Stored data entries:
'''
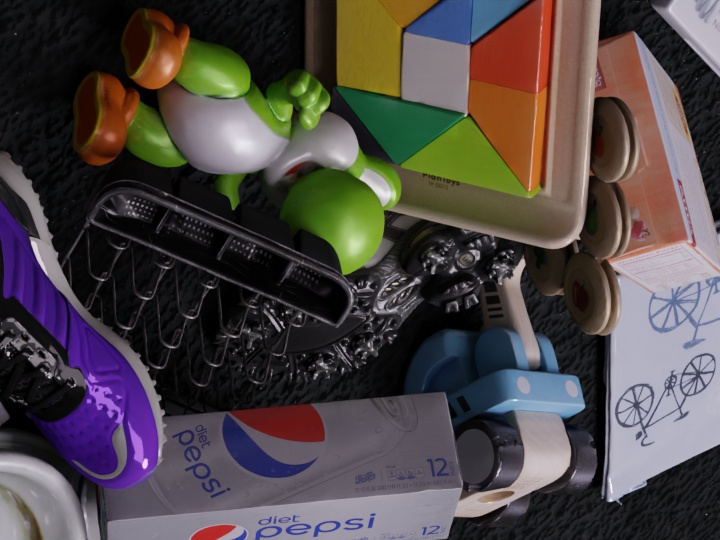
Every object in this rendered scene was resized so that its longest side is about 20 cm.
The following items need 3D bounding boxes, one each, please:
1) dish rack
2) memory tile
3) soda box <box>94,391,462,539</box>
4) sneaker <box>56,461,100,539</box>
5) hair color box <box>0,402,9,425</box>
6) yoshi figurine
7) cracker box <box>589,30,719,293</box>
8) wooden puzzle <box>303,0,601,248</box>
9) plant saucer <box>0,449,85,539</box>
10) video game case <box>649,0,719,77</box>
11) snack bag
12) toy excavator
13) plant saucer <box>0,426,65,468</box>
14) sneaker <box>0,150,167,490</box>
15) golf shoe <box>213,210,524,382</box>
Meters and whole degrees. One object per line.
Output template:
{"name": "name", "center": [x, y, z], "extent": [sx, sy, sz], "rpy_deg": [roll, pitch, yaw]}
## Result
{"name": "dish rack", "center": [-0.112, 0.036, 1.357], "extent": [0.153, 0.055, 0.200], "rpy_deg": [24, 123, -16]}
{"name": "memory tile", "center": [0.107, -0.064, 1.472], "extent": [0.017, 0.200, 0.153], "rpy_deg": [-9, 120, -24]}
{"name": "soda box", "center": [-0.047, 0.118, 1.355], "extent": [0.200, 0.063, 0.068], "rpy_deg": [-5, 150, -9]}
{"name": "sneaker", "center": [-0.119, 0.176, 1.462], "extent": [0.200, 0.071, 0.073], "rpy_deg": [55, 41, -56]}
{"name": "hair color box", "center": [-0.296, 0.100, 1.296], "extent": [0.200, 0.061, 0.099], "rpy_deg": [-42, 134, -18]}
{"name": "yoshi figurine", "center": [-0.056, -0.060, 1.358], "extent": [0.200, 0.112, 0.112], "rpy_deg": [24, 75, -31]}
{"name": "cracker box", "center": [0.178, -0.064, 1.530], "extent": [0.200, 0.058, 0.134], "rpy_deg": [24, 52, -74]}
{"name": "wooden puzzle", "center": [0.047, -0.122, 1.400], "extent": [0.037, 0.185, 0.200], "rpy_deg": [-37, 136, -56]}
{"name": "plant saucer", "center": [-0.241, 0.174, 1.301], "extent": [0.200, 0.050, 0.200], "rpy_deg": [-30, 137, -32]}
{"name": "video game case", "center": [0.303, -0.222, 1.688], "extent": [0.182, 0.023, 0.200], "rpy_deg": [36, 86, -47]}
{"name": "snack bag", "center": [0.249, 0.057, 1.792], "extent": [0.188, 0.021, 0.200], "rpy_deg": [-23, 125, -31]}
{"name": "toy excavator", "center": [0.090, 0.051, 1.597], "extent": [0.100, 0.200, 0.194], "rpy_deg": [6, 152, -44]}
{"name": "plant saucer", "center": [-0.227, 0.191, 1.416], "extent": [0.200, 0.050, 0.200], "rpy_deg": [-21, 125, -33]}
{"name": "sneaker", "center": [-0.184, 0.038, 1.264], "extent": [0.070, 0.200, 0.100], "rpy_deg": [-31, -178, 28]}
{"name": "golf shoe", "center": [0.000, 0.000, 1.504], "extent": [0.200, 0.095, 0.078], "rpy_deg": [-22, 130, 0]}
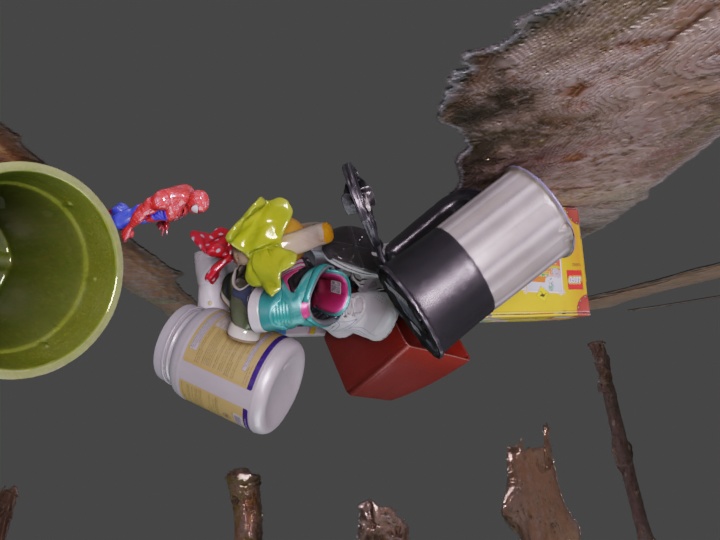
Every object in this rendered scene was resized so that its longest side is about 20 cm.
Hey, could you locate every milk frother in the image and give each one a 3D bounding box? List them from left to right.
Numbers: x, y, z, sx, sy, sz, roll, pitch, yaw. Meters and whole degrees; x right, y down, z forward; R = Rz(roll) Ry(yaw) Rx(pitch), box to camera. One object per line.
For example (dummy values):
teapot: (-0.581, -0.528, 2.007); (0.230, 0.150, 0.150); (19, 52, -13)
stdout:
milk frother: (0.094, -0.052, 0.620); (0.186, 0.181, 0.202); (-36, 140, -8)

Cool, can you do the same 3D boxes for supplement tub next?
supplement tub: (-0.199, 0.145, 0.898); (0.195, 0.149, 0.145); (20, 177, 17)

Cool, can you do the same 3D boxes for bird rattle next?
bird rattle: (-0.123, -0.026, 0.780); (0.160, 0.116, 0.198); (-17, -178, -31)

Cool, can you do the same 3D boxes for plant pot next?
plant pot: (-0.388, -0.006, 0.611); (0.186, 0.207, 0.198); (5, 176, 34)
plant pot: (0.048, 0.127, 1.087); (0.197, 0.203, 0.176); (19, 124, -45)

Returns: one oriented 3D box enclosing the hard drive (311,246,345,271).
hard drive: (-0.067, -0.020, 1.024); (0.128, 0.028, 0.199); (1, 169, -26)

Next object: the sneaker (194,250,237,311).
sneaker: (-0.257, 0.040, 1.047); (0.071, 0.119, 0.200); (-4, 171, -3)

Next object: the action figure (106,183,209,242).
action figure: (-0.242, -0.061, 0.655); (0.196, 0.053, 0.065); (-12, -172, 31)

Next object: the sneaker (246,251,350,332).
sneaker: (-0.066, 0.018, 0.812); (0.117, 0.086, 0.201); (-2, -154, 16)

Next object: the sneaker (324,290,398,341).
sneaker: (-0.017, 0.069, 0.940); (0.086, 0.077, 0.197); (23, 155, -36)

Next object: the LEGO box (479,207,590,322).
LEGO box: (0.210, -0.008, 0.815); (0.194, 0.154, 0.077); (1, 170, -20)

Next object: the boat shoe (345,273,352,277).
boat shoe: (-0.003, 0.038, 1.152); (0.194, 0.074, 0.068); (-3, -154, -21)

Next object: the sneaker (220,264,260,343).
sneaker: (-0.168, 0.024, 0.884); (0.065, 0.092, 0.201); (12, -162, -19)

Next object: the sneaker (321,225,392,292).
sneaker: (0.000, 0.000, 0.909); (0.197, 0.077, 0.115); (9, 144, -42)

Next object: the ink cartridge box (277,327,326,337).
ink cartridge box: (-0.129, 0.071, 1.209); (0.196, 0.133, 0.124); (4, 170, -34)
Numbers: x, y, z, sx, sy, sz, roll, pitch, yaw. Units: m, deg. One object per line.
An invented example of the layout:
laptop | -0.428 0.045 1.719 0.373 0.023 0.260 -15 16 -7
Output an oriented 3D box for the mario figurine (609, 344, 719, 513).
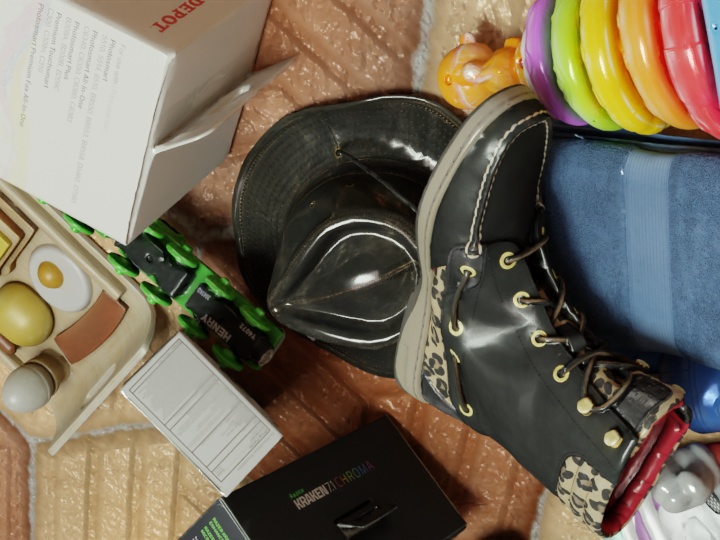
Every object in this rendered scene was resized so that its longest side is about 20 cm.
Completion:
mario figurine | 0.190 0.048 0.718 0.198 0.106 0.125 -7 112 30

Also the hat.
hat | 0.000 0.000 0.796 0.198 0.081 0.203 12 123 19

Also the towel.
towel | 0.149 -0.013 0.693 0.199 0.048 0.113 13 114 43

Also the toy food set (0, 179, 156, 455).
toy food set | -0.245 0.019 0.937 0.200 0.060 0.143 44 127 -3

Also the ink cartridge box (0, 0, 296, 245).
ink cartridge box | -0.149 -0.120 0.769 0.198 0.129 0.126 28 127 9

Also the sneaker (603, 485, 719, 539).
sneaker | 0.231 0.191 0.796 0.139 0.078 0.202 -14 112 31

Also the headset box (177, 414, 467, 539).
headset box | -0.052 0.193 0.857 0.093 0.173 0.200 52 123 14

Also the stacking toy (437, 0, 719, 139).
stacking toy | 0.119 -0.107 0.676 0.198 0.109 0.118 -7 99 41

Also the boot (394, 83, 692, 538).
boot | 0.094 0.025 0.675 0.150 0.073 0.202 40 135 30

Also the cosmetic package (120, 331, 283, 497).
cosmetic package | -0.099 0.082 0.835 0.083 0.051 0.200 47 171 -4

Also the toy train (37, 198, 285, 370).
toy train | -0.122 -0.008 0.844 0.199 0.056 0.042 40 99 17
'''
| AIM OF THE EXERCISE |
Scan the lines above, and whenever one holds the string "example", copy it.

| RESPONSE BELOW |
For example (dummy values):
An invented example of the layout:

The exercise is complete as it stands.